Des manifestations pacifiques et des émeutes nocturnes ont eu lieu la semaine passée dans plusieurs villes de Tunisie, une contestation alimentée par un chômage persistant — 15% officiellement– malgré la croissance, et par des hausses d’impôts grignotant un pouvoir d’achat déjà éprouvé par une importante inflation (plus de 6% fin 2017).
Le président tunisien Béji Caïd Essebsi a rencontré samedi les responsables des partis au pouvoir, de la puissante centrale syndicale UGTT et du patronat pour discuter des moyens de sortir de la crise.
« Le climat social et le climat politique ne sont pas bons en Tunisie », a reconnu le chef de l’Etat, tout en assurant que « la situation reste positive ».
« Nous sommes capable de maîtriser les problèmes », a-t-il insisté. Il a prévu de se rendre dimanche matin dans un quartier déshérité de Tunis, où des heurts ont eu lieu cette semaine.

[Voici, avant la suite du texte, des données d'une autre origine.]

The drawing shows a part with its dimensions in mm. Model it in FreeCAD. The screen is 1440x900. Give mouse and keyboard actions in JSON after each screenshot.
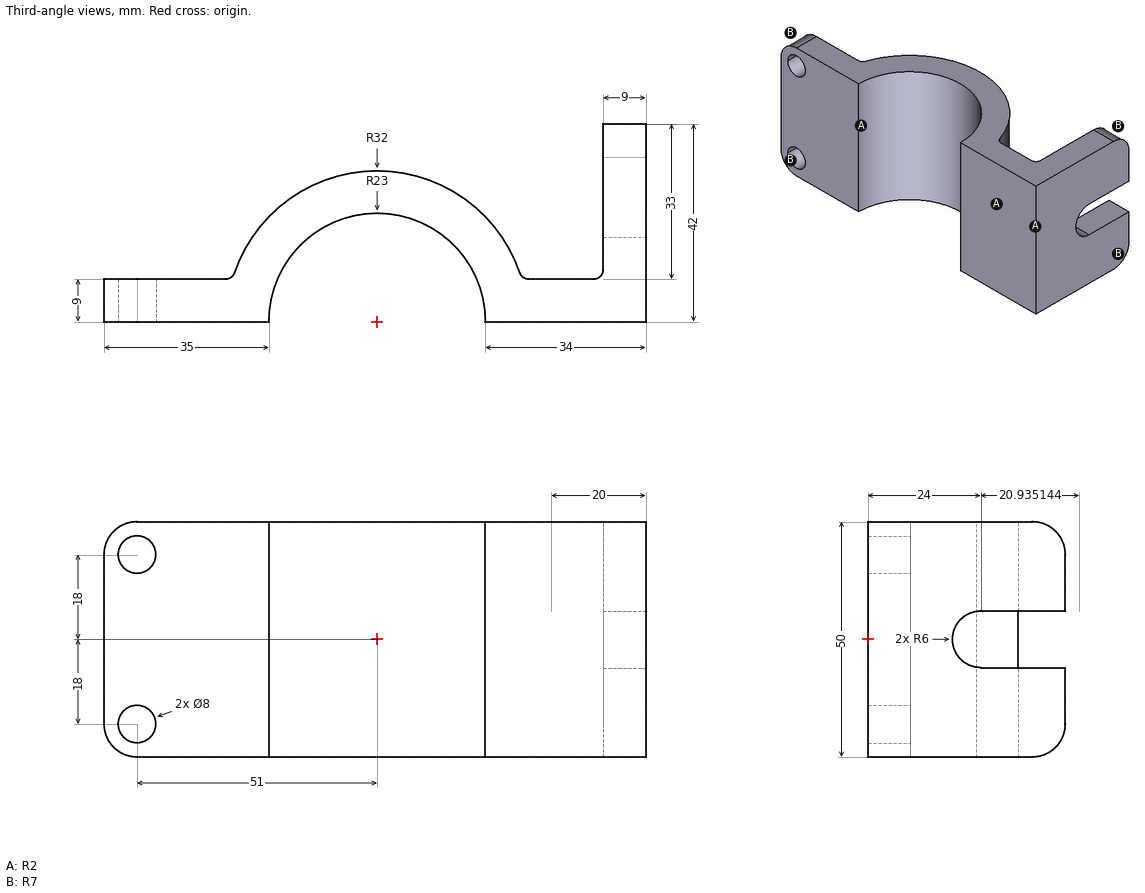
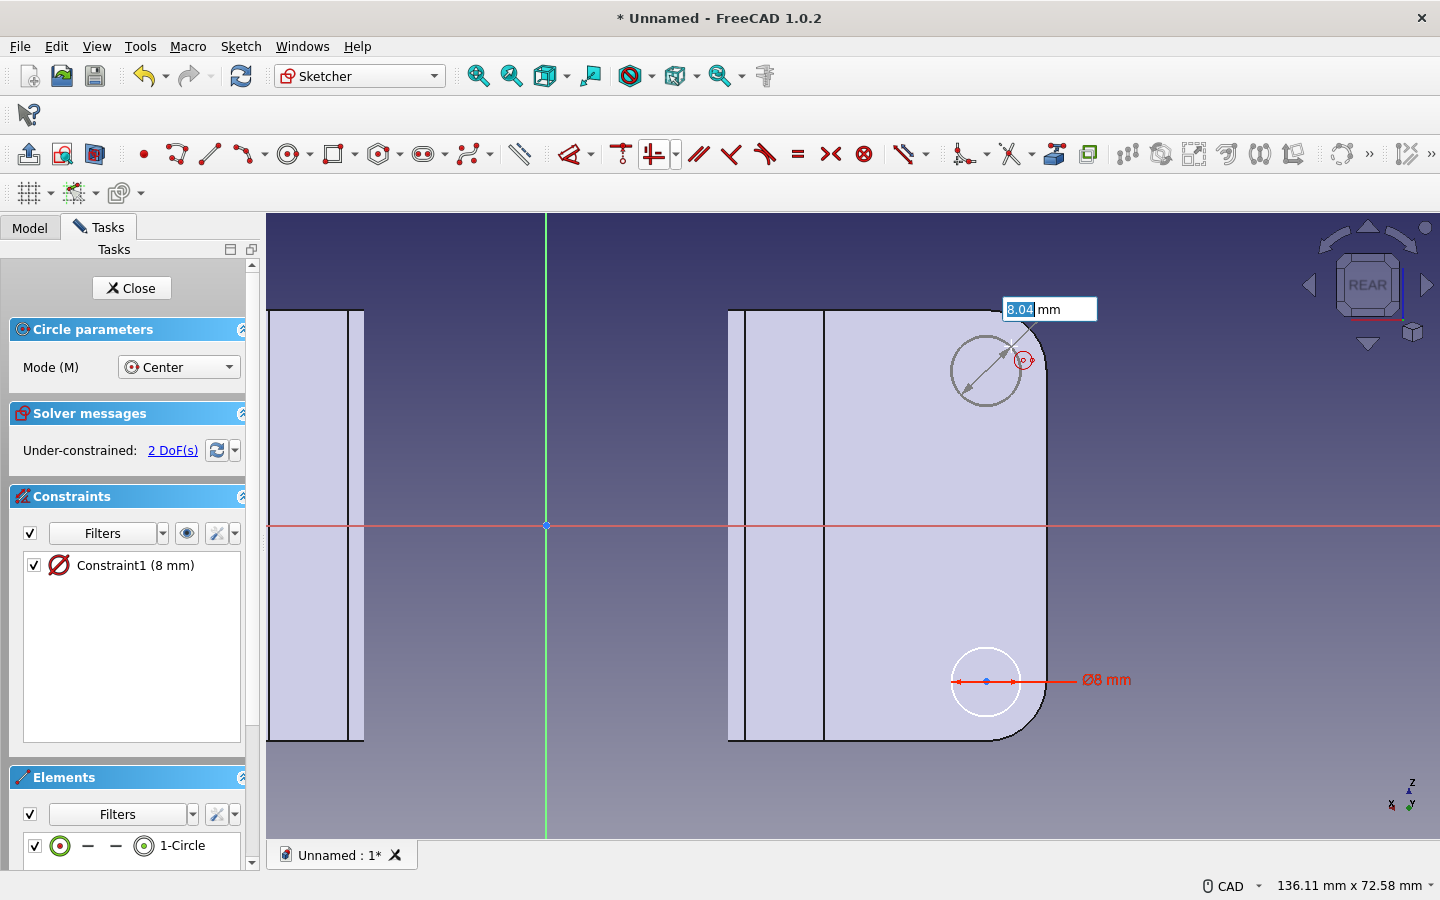
{"action": "type", "text": "8"}
{"action": "key", "text": "Return"}
{"action": "key", "text": "Escape"}

– Presse étrangère critiquée –
M. Essebsi a par ailleurs accusé la presse étrangère d’avoir « amplifié » les faits dans sa couverture des derniers évènements, contrairement à la presse tunisienne. Plusieurs membres du gouvernement et la majorité de la presse tunisienne ont estimé cette semaine qu’il n’y avait pas de contestation politique mais des « casseurs » et « pilleurs ».
Vendredi, l’organisation de défense de la liberté de la presse Reporters sans frontières a condamné des pressions sur les journalistes après l’interpellation d’un correspondant français et d’un reporter tunisien qui couvraient les rassemblements.

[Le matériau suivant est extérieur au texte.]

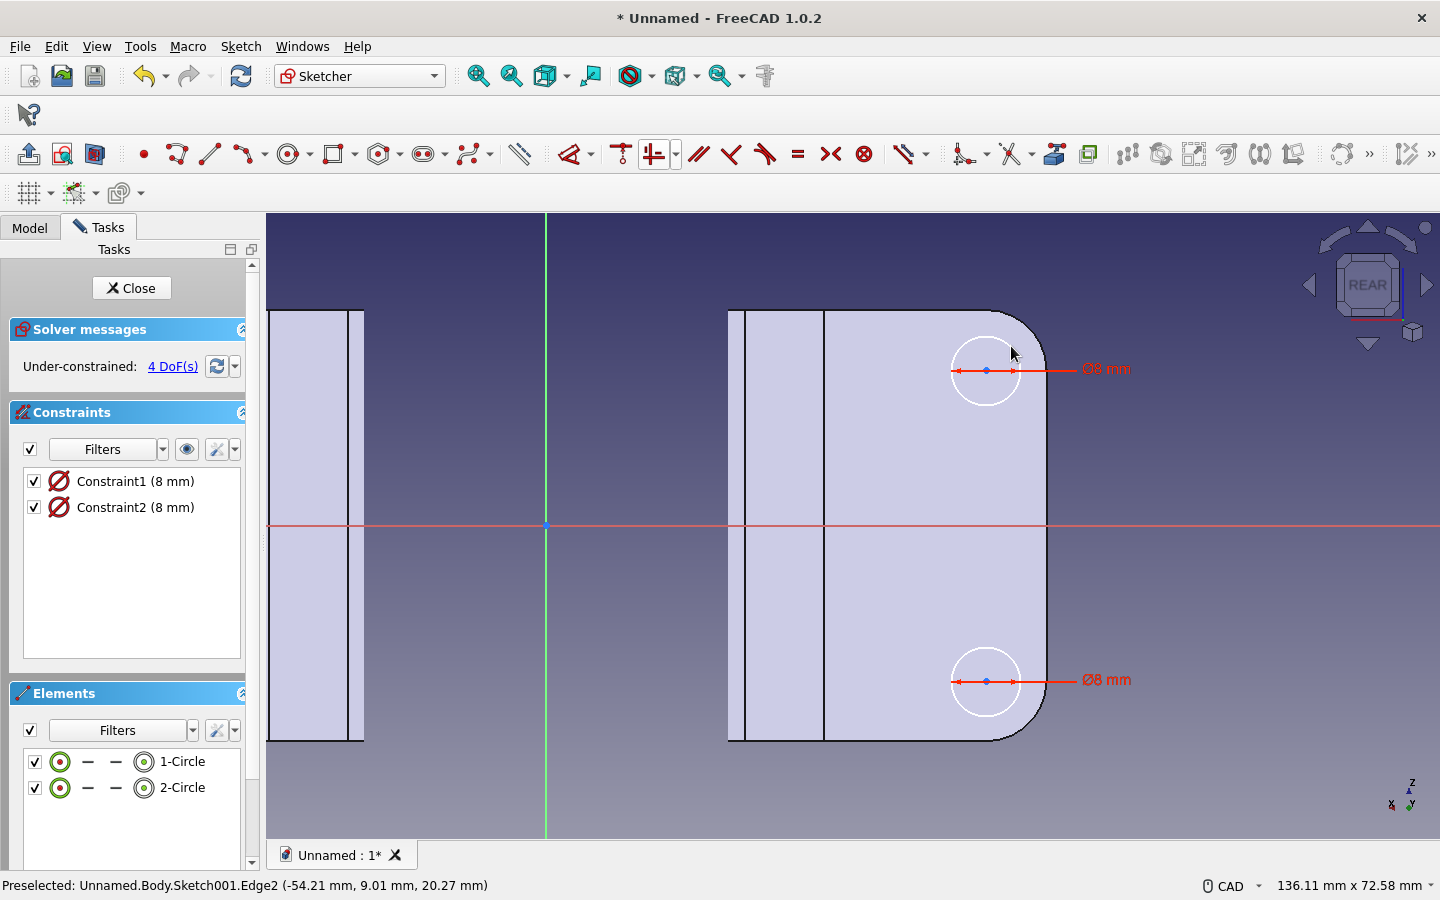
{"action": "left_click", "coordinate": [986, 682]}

Les heurts nocturnes avaient éclaté lundi soir opposant jeunes jetant des pierres et des cocktails molotov à des policiers faisant usage de gaz lacrymogènes dans plusieurs villes de Tunisie. Ils se sont reproduits jusqu’à jeudi soir. Des bâtiments publics ont été attaqués et des magasins pillés. Un homme est mort dans des circonstances peu claires durant une manifestation dans la ville de Tebourba, à 30 km à l’ouest de Tunis.
– Carton jaune –
Vendredi, quelques centaines de manifestants ont protesté dans le calme à Tunis et à Sfax (centre), lançant un « carton jaune » au gouvernement sur l’austérité à l’appel du mouvement « Fech Nestannew » (« Qu’est-ce qu’on attend »). Ce mouvement de la société civile a lancé en début d’année la contestation contre le budget 2018 voté en décembre, la hausse des prix et la corruption. Il réclame davantage de justice sociale.
Le calme est revenu globalement dans le pays depuis jeudi soir à l’exception de protestations mineures comme à Sidi Bouzid (centre), point de départ de la révolution de 2011, où de petits groupes de jeunes ont été rapidement dispersés à coups de gaz lacrymogènes dans la nuit de vendredi à samedi.
Au total 803 personnes ont été arrêtées, a indiqué samedi à l’AFP le porte-parole du ministère de l’Intérieur Khlifa Chibani.
Plusieurs manifestations sont prévues dans la matinée dimanche pour marquer le septième anniversaire de la chute du dictateur Zine el Abidine Ben Ali, chassé par un mouvement de protestation contre le chômage, la vie chère et la corruption.
Le soulèvement avait été déclenché par l’immolation par le feu le 17 décembre 2010 à Sidi Bouzid, une ville dans l’arrière pays déshérité, d’un vendeur ambulant, Mohamed Bouazizi.
Nombre de Tunisiens estiment avoir gagné en liberté mais perdu en niveau de vie depuis la chute de Ben Ali.
Adopté à une large majorité en décembre, le budget 2018 augmente notamment la TVA, les impôts sur la téléphonie ou l’immobilier et certains droits d’importation.
La Tunisie, en difficulté financière après plusieurs années de marasme économique, notamment dû à la chute du tourisme après une série d’attentats en 2015, a obtenu un prêt de 2,4 milliards d’euros sur quatre ans du Fonds monétaire international (FMI). En échange, elle s’est engagée à une réduction de son déficit public et à des réformes économiques.